May 6, 2026
Botsplaining at work
Appearing Productive in the Workplace
When looking busy matters more than being right, the comments absolutely lost it
TLDR: The article argues that AI lets employees fake expertise long enough to impress managers, even when the work is flawed from day one. Commenters split between laughing at the absurdity, roasting “fake it till you make it” office culture, and pointing out that confident nonsense existed long before chatbots.
A workplace essay about AI making people look productive without actually knowing what they’re doing lit up the comments, and readers immediately turned it into a mini office horror show. The writer’s big claim is simple: chatbots can help someone imitate expertise for months, especially in companies where managers are dazzled by speed, volume, and shiny documents. The most dramatic example? A non-engineer reportedly spent two months building a data system he couldn’t explain, while higher-ups kept cheering the appearance of momentum.
Commenters were equal parts horrified, amused, and way too familiar with the vibe. One reader joked that the real productivity hack is just feeding someone’s AI-written message into your own AI and sending the result back — basically two humans roleplaying as keyboards while two bots “talk” to each other. Another said the article reads less like a warning and more like a step-by-step guide for becoming management’s favorite employee: produce lots of impressive-looking stuff, ask no questions, and let nobody disturb the illusion. Ouch.
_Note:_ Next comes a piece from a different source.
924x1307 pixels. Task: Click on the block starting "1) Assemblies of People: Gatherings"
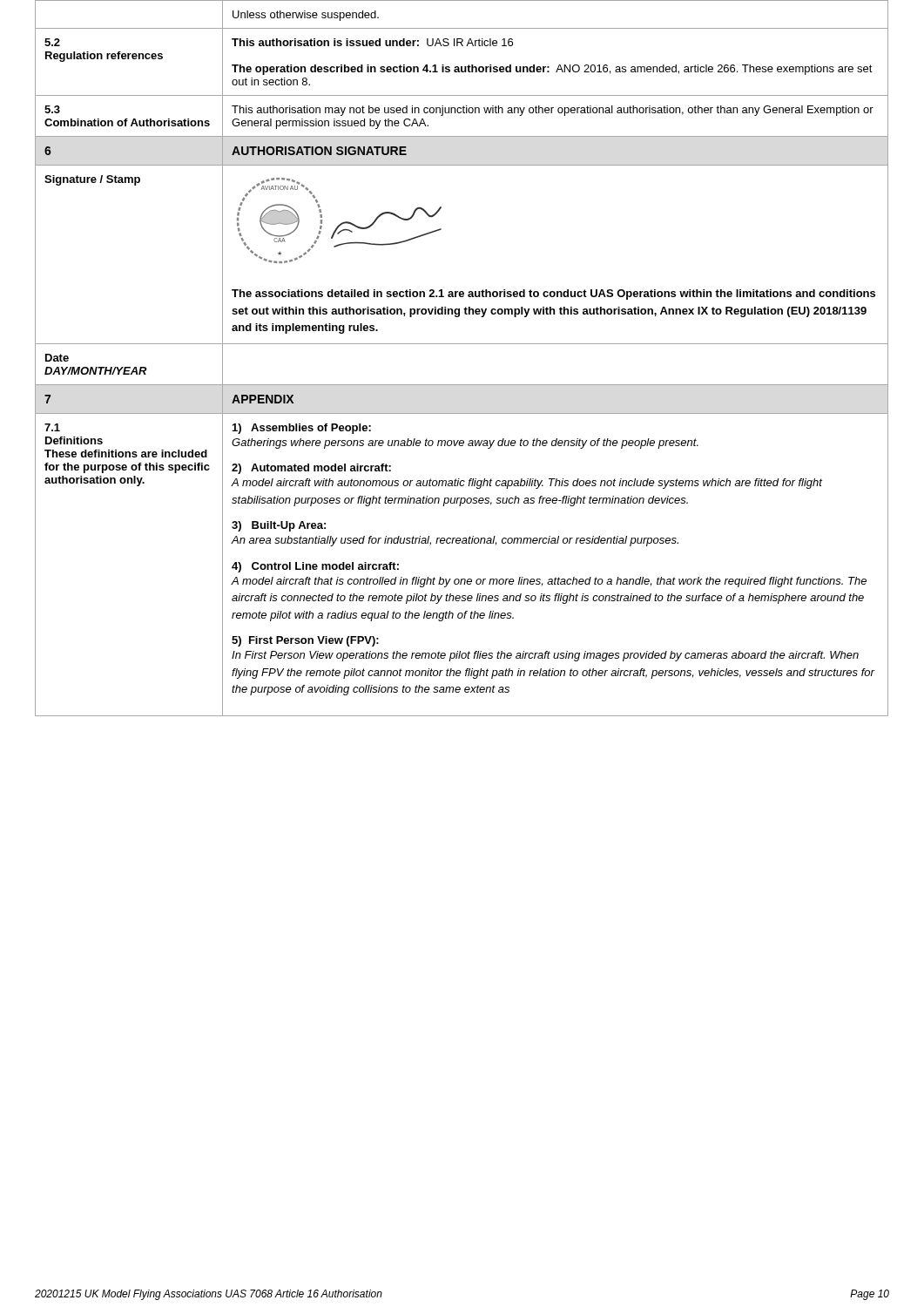(466, 434)
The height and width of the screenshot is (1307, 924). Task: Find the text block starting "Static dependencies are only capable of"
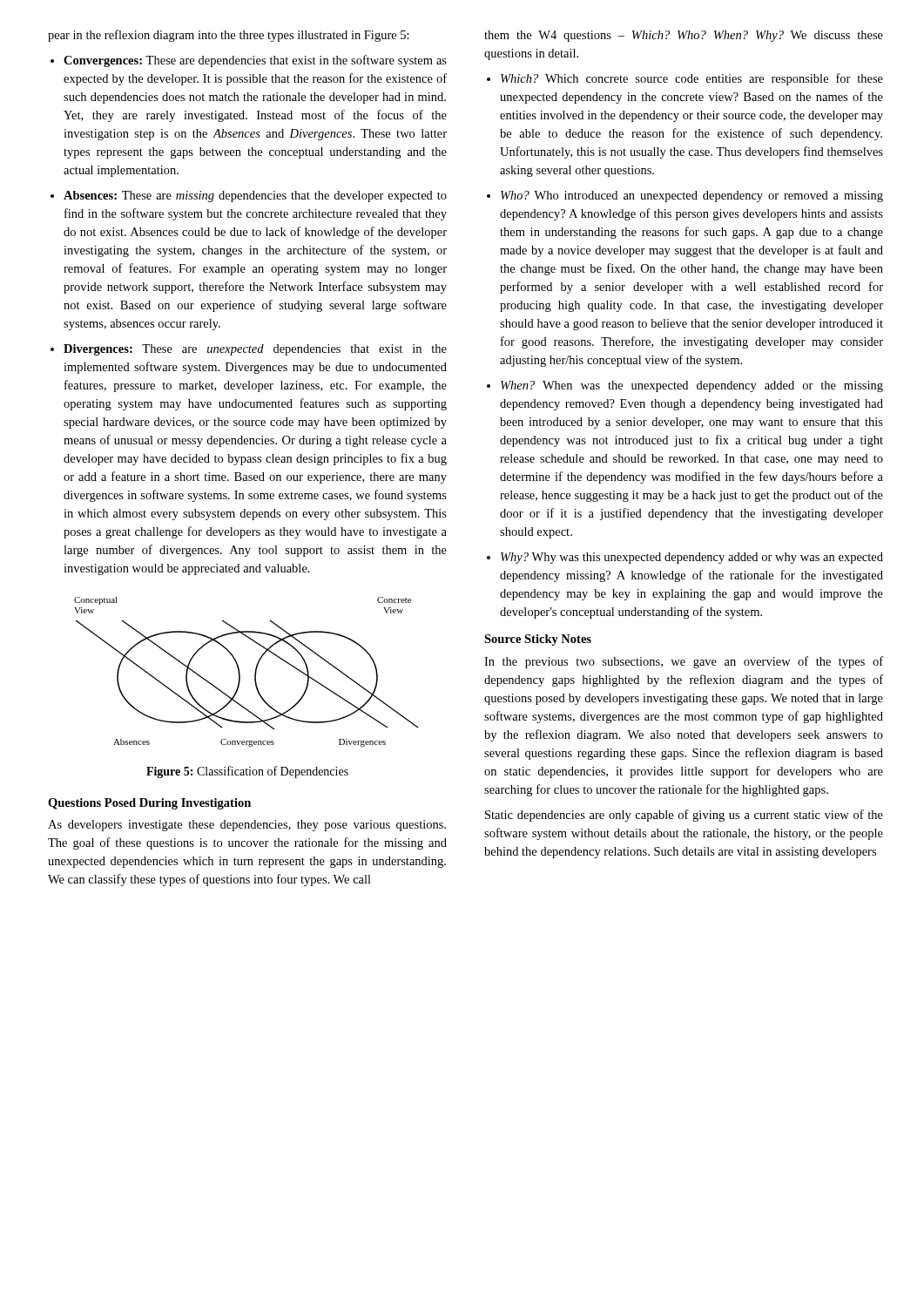point(684,833)

There was also a strong “this problem existed before AI” faction. One commenter dragged out a classic office archetype from 2005: the coworker who confidently explains everything, except he’s making it all up. Others compared the whole thing to the timeless corporate sport of shipping half-baked projects with maximum enthusiasm and minimum accountability. Bonus weirdness: one person noticed the post seemed dated in the future, which only made the whole discussion feel even more like a satire about fake progress.
Key Points
- •The article argues that generative AI enables workers to produce convincing-looking output without equivalent expertise.
- •It distinguishes two failure modes: novices producing senior-looking work, and people generating work in domains where they lack formal training.
- •The article says research has mostly studied the first failure mode, while cross-domain generation is less examined.
- •A workplace example describes a non-engineering employee spending two months building a flawed data system with AI-generated code and documentation.
- •The article cites a Stanford study by Cheng et al., published in Science, saying leading models were about 50% more agreeable than human respondents.